The detailed process of removing dynamic feature points is shown in Fig. 2. During system operation, RGB images captured by the RGB-D camera are sent to both the tracking and object detecting threads for feature point extraction and object detection. Next, a tightly coupled approach is used to integrate 2D semantic information, inter-frame geometric constraint, and depth threshold to effectively remove dynamic features. The semantic information includes the probability of semantic labels along with the 2D bounding box generated by the object detecting thread. The bounding box can identify the most probable location of dynamic feature points in the image.
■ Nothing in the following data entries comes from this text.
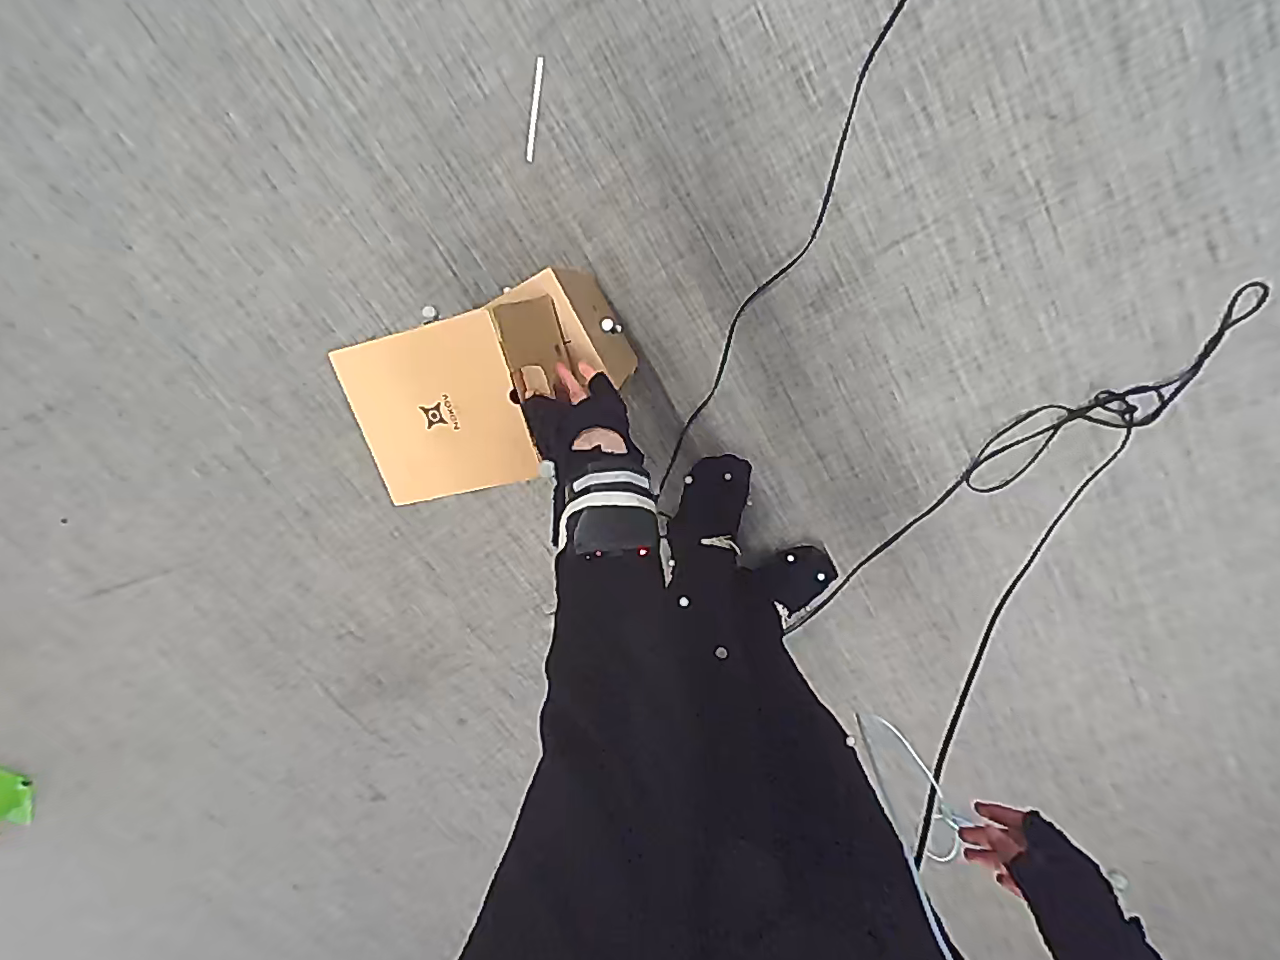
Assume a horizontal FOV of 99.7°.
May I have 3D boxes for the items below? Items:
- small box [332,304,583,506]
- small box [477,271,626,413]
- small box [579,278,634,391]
[{"bbox_3d":[-0.182,-0.089,0.596,0.179,0.176,0.168,-11,109,13],"label":"small box"},{"bbox_3d":[-0.135,-0.166,0.741,0.179,0.176,0.168,-26,106,12],"label":"small box"},{"bbox_3d":[-0.120,-0.218,0.897,0.168,0.176,0.179,-27,107,13],"label":"small box"}]
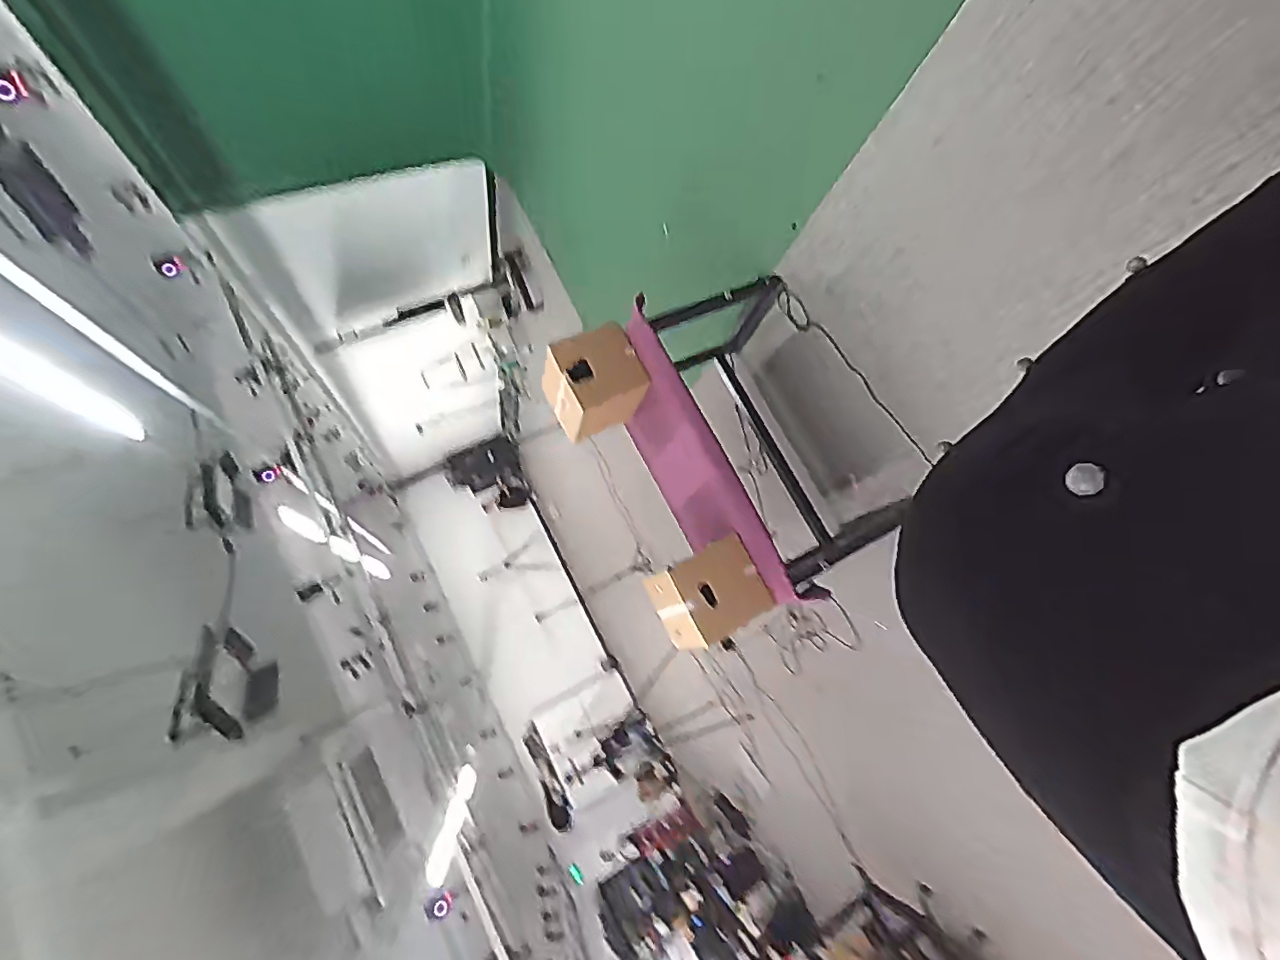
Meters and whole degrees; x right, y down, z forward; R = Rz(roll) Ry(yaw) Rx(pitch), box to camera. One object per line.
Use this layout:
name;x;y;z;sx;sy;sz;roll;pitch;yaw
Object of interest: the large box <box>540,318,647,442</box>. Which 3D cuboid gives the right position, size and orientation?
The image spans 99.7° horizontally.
large box;-0.209;-0.413;2.288;0.320;0.320;0.408;61;160;7
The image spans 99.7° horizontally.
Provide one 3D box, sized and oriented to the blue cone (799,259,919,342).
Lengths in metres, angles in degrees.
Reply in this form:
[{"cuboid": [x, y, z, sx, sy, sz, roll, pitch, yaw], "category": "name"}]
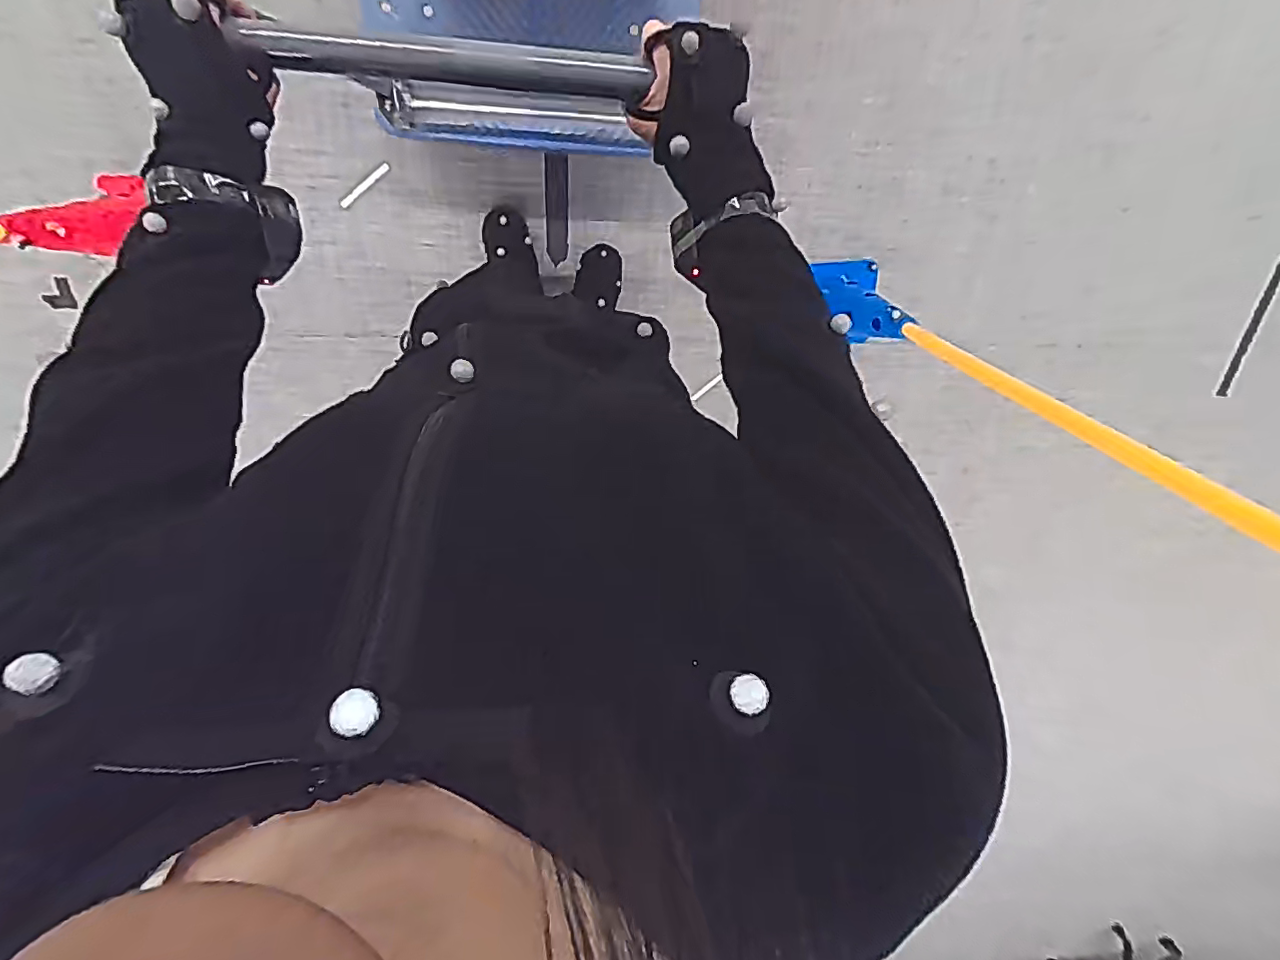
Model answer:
[{"cuboid": [0.501, -0.377, 1.195, 0.193, 0.380, 0.192, -3, 114, -3], "category": "blue cone"}]

The geometric constraint utilize the fundamental matrix to calculate the distance from each feature point to its corresponding epipolar line, followed by a comparison with an empirical threshold. The depth threshold within each 2D bounding box is iteratively calculated using an improved depth-based RANSAC algorithm. If a feature point’s depth value exceeds the depth threshold, the feature point is removed. After processing the dynamic feature points, the remaining static feature points are accurately matched and subsequently used for tasks, such as tracking, local mapping, and loop closing.

3.2 Object detection

The visual SLAM system designed in this article is primarily designed for mobile robot applications. Under constraints such as limited space, cost, and power consumption, the deployment of object detection model faces a significant challenge, especially since many existing studies such as DS-SLAM [3], DynaSLAM [4] require GPU acceleration to operate effectively. This increases the flexibility and complexity of system deployment.

This paper selects YOLOv7-tiny, a lightweight object detection network, as the primary model for the object detecting thread, which is trained on the MS COCO dataset [35]. At the same time, considering the balance between speed and accuracy among various object detection networks, the deployment framework NCNN [36] is chosen. NCNN is a high-performance neural network inference framework designed for mobile devices, implemented in pure C++, and known for its ease of setup, rapid implementation, and seamless integration with the visual SLAM system.

When detecting dynamic objects, the absence of semantic information in certain frames can result in feature point mismatches, which can significantly impact the accuracy of the SLAM system. To address this issue, we introduce Extended Kalman Filtering (EKF) and the Hungarian algorithm to compensate for missed detections of dynamic objects. The EKF predicts the bounding box in the next frame, while the Hungarian algorithm associates the predicted box with its corresponding detection box.

3.3 Epipolar geometry constraint

The initial step in removing dynamic feature points using epipolar geometry involves matching feature points between two adjacent RGB image frames. To achieve this, the paper applies a pyramid-based Lucas–Kanade optical flow method, which establishes correlations between feature points across frames. Subsequently, the seven-point method based on RANSAC is used to compute the fundamental matrix F between the two adjacent frames.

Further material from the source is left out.